:: ACTIVITY ::
In the entries below, copy only the lines from the one that contains "Answer yes or no. Yes. Does Dark Seafoam have the lowest" through the last line, exactly, and omit any pictures.

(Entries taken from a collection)
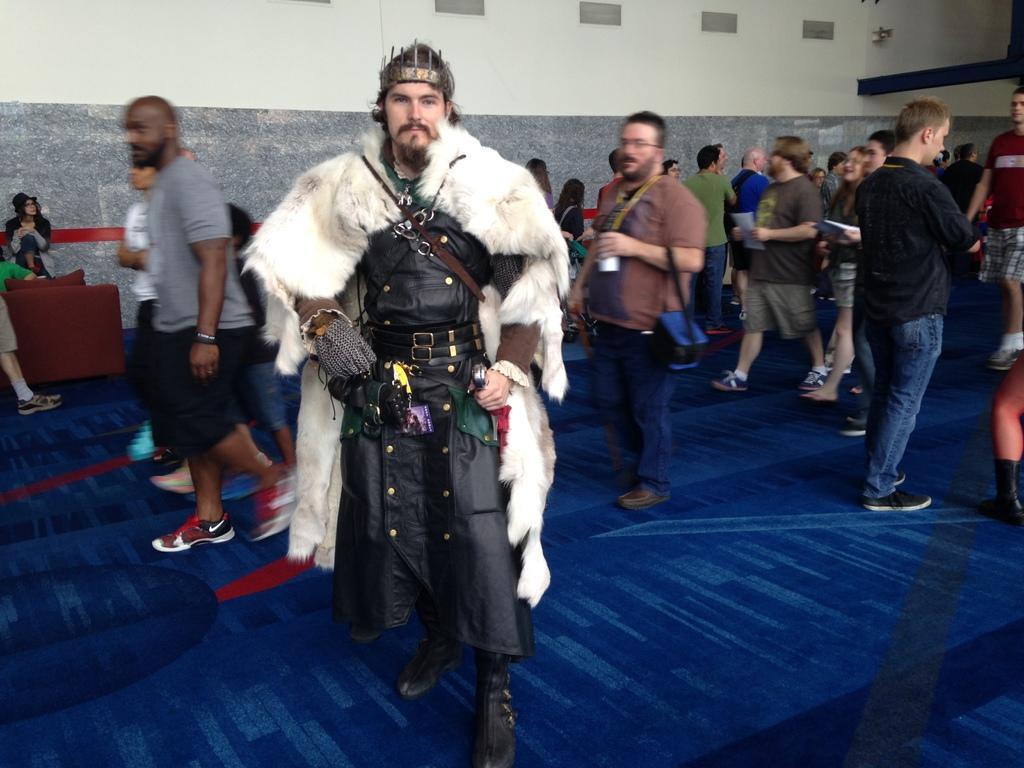Could you give a brief overview of what you see in this image? In this picture we can see a man wearing black and white costume, standing in the front and giving a pose to the camera. Behind we can see some people walking in the hall. In the background there is a white wall. 
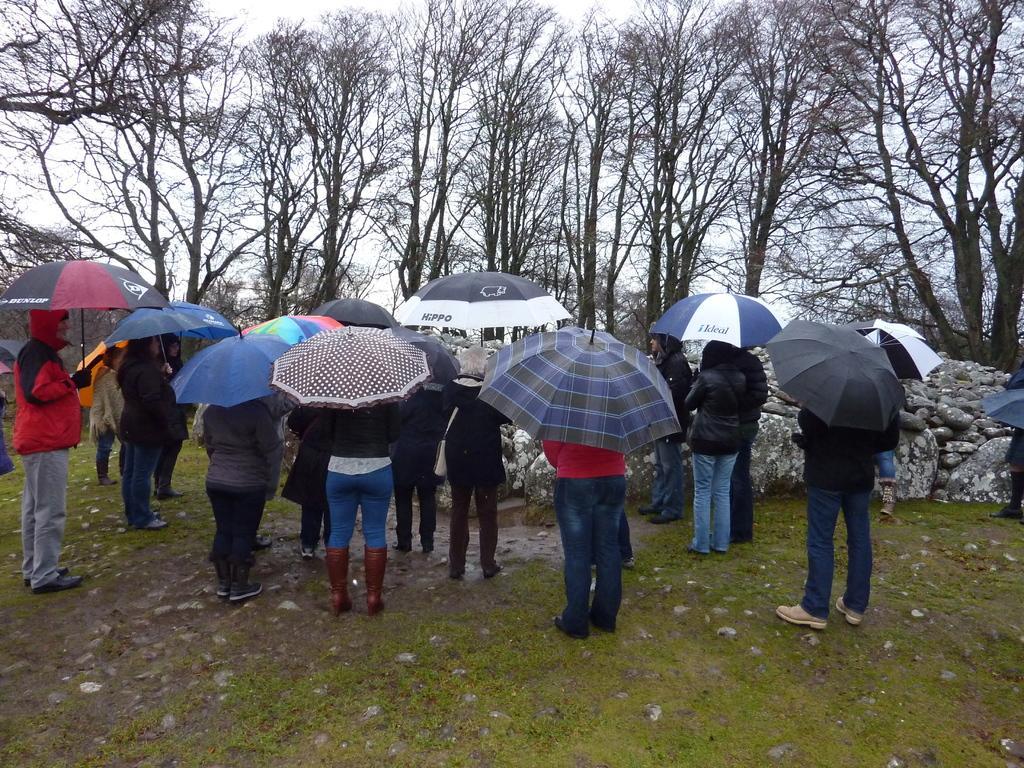Please provide a concise description of this image. In the middle of this image, there are persons holding umbrellas and standing on the ground, on which there are stones and grass. In the background, there are rocks, trees and there are clouds in the sky. 
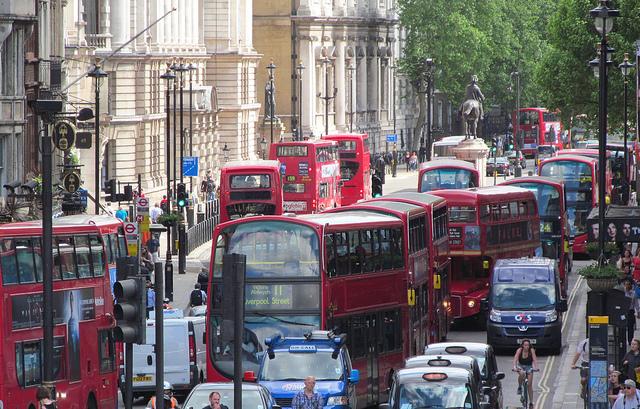How many non-red buses are in the street?
Answer briefly. 0. Do you see a bike?
Short answer required. Yes. Are the buses going to the same place?
Concise answer only. No. Which city does this seem to be?
Concise answer only. London. 
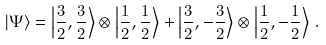Convert formula to latex. <formula><loc_0><loc_0><loc_500><loc_500>| \Psi \rangle = \left | \frac { 3 } { 2 } , \frac { 3 } { 2 } \right \rangle \otimes \left | \frac { 1 } { 2 } , \frac { 1 } { 2 } \right \rangle + \left | \frac { 3 } { 2 } , - \frac { 3 } { 2 } \right \rangle \otimes \left | \frac { 1 } { 2 } , - \frac { 1 } { 2 } \right \rangle \, .</formula> 
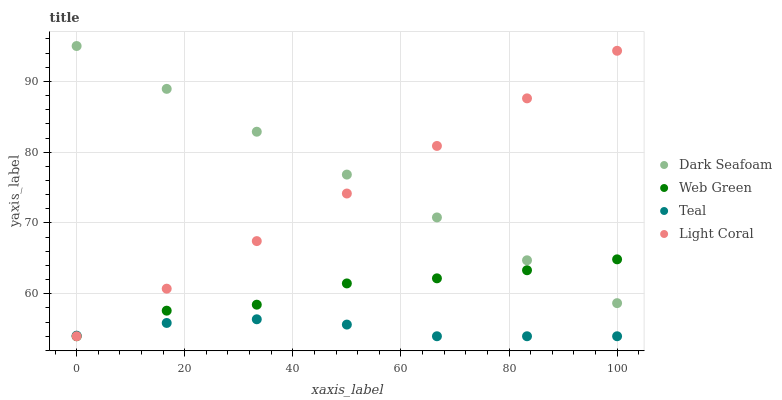Does Teal have the minimum area under the curve?
Answer yes or no. Yes. Does Dark Seafoam have the maximum area under the curve?
Answer yes or no. Yes. Does Dark Seafoam have the minimum area under the curve?
Answer yes or no. No. Does Teal have the maximum area under the curve?
Answer yes or no. No. Is Dark Seafoam the smoothest?
Answer yes or no. Yes. Is Web Green the roughest?
Answer yes or no. Yes. Is Teal the smoothest?
Answer yes or no. No. Is Teal the roughest?
Answer yes or no. No. Does Light Coral have the lowest value?
Answer yes or no. Yes. Does Dark Seafoam have the lowest value?
Answer yes or no. No. Does Dark Seafoam have the highest value?
Answer yes or no. Yes. Does Teal have the highest value?
Answer yes or no. No. Is Teal less than Dark Seafoam?
Answer yes or no. Yes. Is Dark Seafoam greater than Teal?
Answer yes or no. Yes. Does Dark Seafoam intersect Web Green?
Answer yes or no. Yes. Is Dark Seafoam less than Web Green?
Answer yes or no. No. Is Dark Seafoam greater than Web Green?
Answer yes or no. No. Does Teal intersect Dark Seafoam?
Answer yes or no. No. 
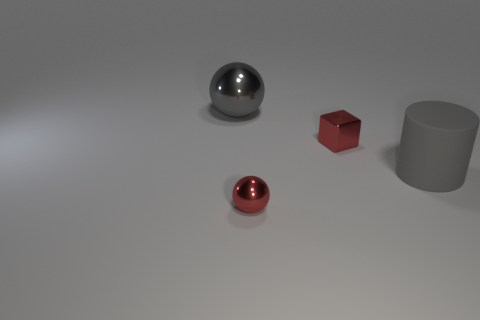Add 4 blue cubes. How many objects exist? 8 Subtract all gray balls. How many balls are left? 1 Subtract 0 brown blocks. How many objects are left? 4 Subtract all cylinders. How many objects are left? 3 Subtract 1 spheres. How many spheres are left? 1 Subtract all blue spheres. Subtract all brown cylinders. How many spheres are left? 2 Subtract all rubber cylinders. Subtract all large cylinders. How many objects are left? 2 Add 4 big gray rubber cylinders. How many big gray rubber cylinders are left? 5 Add 4 large shiny cubes. How many large shiny cubes exist? 4

:: SOLUTION BELOW ::
Answer yes or no. Yes. Does Dark Seafoam have the lowest value?
Answer yes or no. No. Does Dark Seafoam have the highest value?
Answer yes or no. Yes. Does Teal have the highest value?
Answer yes or no. No. Is Teal less than Dark Seafoam?
Answer yes or no. Yes. Is Dark Seafoam greater than Teal?
Answer yes or no. Yes. Does Dark Seafoam intersect Web Green?
Answer yes or no. Yes. Is Dark Seafoam less than Web Green?
Answer yes or no. No. Is Dark Seafoam greater than Web Green?
Answer yes or no. No. Does Teal intersect Dark Seafoam?
Answer yes or no. No. 
Add 4 blue cubes. How many objects exist? 8 Subtract all gray balls. How many balls are left? 1 Subtract 0 brown blocks. How many objects are left? 4 Subtract all cylinders. How many objects are left? 3 Subtract 1 spheres. How many spheres are left? 1 Subtract all blue spheres. Subtract all brown cylinders. How many spheres are left? 2 Subtract all rubber cylinders. Subtract all large cylinders. How many objects are left? 2 Add 4 big gray rubber cylinders. How many big gray rubber cylinders are left? 5 Add 4 large shiny cubes. How many large shiny cubes exist? 4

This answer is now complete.